DESCRIPTION OF THE TASK:
Please reproduce the entries that follow, keeping each word intact.

((

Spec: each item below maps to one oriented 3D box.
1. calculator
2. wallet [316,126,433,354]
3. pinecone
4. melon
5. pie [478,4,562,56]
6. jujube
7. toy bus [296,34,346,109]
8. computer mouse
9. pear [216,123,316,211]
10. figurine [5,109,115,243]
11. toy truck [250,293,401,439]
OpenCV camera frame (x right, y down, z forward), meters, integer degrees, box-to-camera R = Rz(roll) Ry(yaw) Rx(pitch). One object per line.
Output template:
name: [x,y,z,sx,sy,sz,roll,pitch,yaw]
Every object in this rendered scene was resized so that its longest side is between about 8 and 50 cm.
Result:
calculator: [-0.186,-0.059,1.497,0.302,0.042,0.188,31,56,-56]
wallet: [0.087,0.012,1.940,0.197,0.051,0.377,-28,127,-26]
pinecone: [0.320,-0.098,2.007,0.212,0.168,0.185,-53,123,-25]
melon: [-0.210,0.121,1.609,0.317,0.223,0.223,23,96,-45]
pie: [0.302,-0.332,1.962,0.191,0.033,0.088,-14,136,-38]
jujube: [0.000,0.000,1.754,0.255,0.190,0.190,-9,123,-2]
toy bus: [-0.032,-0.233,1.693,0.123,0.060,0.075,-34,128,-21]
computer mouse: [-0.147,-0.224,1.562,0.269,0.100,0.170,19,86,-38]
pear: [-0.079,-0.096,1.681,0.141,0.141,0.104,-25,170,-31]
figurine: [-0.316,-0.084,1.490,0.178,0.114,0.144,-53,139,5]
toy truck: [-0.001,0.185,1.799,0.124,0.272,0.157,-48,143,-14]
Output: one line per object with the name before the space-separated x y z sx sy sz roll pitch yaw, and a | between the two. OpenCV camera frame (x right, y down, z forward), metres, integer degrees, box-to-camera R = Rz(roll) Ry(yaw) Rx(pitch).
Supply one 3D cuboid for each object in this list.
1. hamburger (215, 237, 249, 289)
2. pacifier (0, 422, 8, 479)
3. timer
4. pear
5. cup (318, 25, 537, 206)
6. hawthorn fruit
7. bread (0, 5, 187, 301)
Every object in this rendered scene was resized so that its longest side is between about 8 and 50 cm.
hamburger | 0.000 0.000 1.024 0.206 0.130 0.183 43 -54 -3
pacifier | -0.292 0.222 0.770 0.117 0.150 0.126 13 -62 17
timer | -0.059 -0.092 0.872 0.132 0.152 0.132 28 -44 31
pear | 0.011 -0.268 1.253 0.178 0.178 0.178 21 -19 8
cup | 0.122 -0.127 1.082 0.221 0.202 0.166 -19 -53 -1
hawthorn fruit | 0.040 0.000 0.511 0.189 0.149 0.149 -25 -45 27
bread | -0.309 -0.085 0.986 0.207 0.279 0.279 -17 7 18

))

EXERCISE RESPONSE:
Spec: each item below maps to one oriented 3D box.
1. calculator
2. wallet [316,126,433,354]
3. pinecone
4. melon
5. pie [478,4,562,56]
6. jujube
7. toy bus [296,34,346,109]
8. computer mouse
9. pear [216,123,316,211]
10. figurine [5,109,115,243]
11. toy truck [250,293,401,439]
OpenCV camera frame (x right, y down, z forward), meters, integer degrees, box-to-camera R = Rz(roll) Ry(yaw) Rx(pitch). One object per line.
Output template:
name: [x,y,z,sx,sy,sz,roll,pitch,yaw]
Every object in this rendered scene was resized so that its longest side is between about 8 and 50 cm.
Result:
calculator: [-0.186,-0.059,1.497,0.302,0.042,0.188,31,56,-56]
wallet: [0.087,0.012,1.940,0.197,0.051,0.377,-28,127,-26]
pinecone: [0.320,-0.098,2.007,0.212,0.168,0.185,-53,123,-25]
melon: [-0.210,0.121,1.609,0.317,0.223,0.223,23,96,-45]
pie: [0.302,-0.332,1.962,0.191,0.033,0.088,-14,136,-38]
jujube: [0.000,0.000,1.754,0.255,0.190,0.190,-9,123,-2]
toy bus: [-0.032,-0.233,1.693,0.123,0.060,0.075,-34,128,-21]
computer mouse: [-0.147,-0.224,1.562,0.269,0.100,0.170,19,86,-38]
pear: [-0.079,-0.096,1.681,0.141,0.141,0.104,-25,170,-31]
figurine: [-0.316,-0.084,1.490,0.178,0.114,0.144,-53,139,5]
toy truck: [-0.001,0.185,1.799,0.124,0.272,0.157,-48,143,-14]
Output: one line per object with the name before the space-separated x y z sx sy sz roll pitch yaw, and a | between the two. OpenCV camera frame (x right, y down, z forward), metres, integer degrees, box-to-camera R = Rz(roll) Ry(yaw) Rx(pitch).
Supply one 3D cuboid for each object in this list.
1. hamburger (215, 237, 249, 289)
2. pacifier (0, 422, 8, 479)
3. timer
4. pear
5. cup (318, 25, 537, 206)
6. hawthorn fruit
7. bread (0, 5, 187, 301)
Every object in this rendered scene was resized so that its longest side is between about 8 and 50 cm.
hamburger | 0.000 0.000 1.024 0.206 0.130 0.183 43 -54 -3
pacifier | -0.292 0.222 0.770 0.117 0.150 0.126 13 -62 17
timer | -0.059 -0.092 0.872 0.132 0.152 0.132 28 -44 31
pear | 0.011 -0.268 1.253 0.178 0.178 0.178 21 -19 8
cup | 0.122 -0.127 1.082 0.221 0.202 0.166 -19 -53 -1
hawthorn fruit | 0.040 0.000 0.511 0.189 0.149 0.149 -25 -45 27
bread | -0.309 -0.085 0.986 0.207 0.279 0.279 -17 7 18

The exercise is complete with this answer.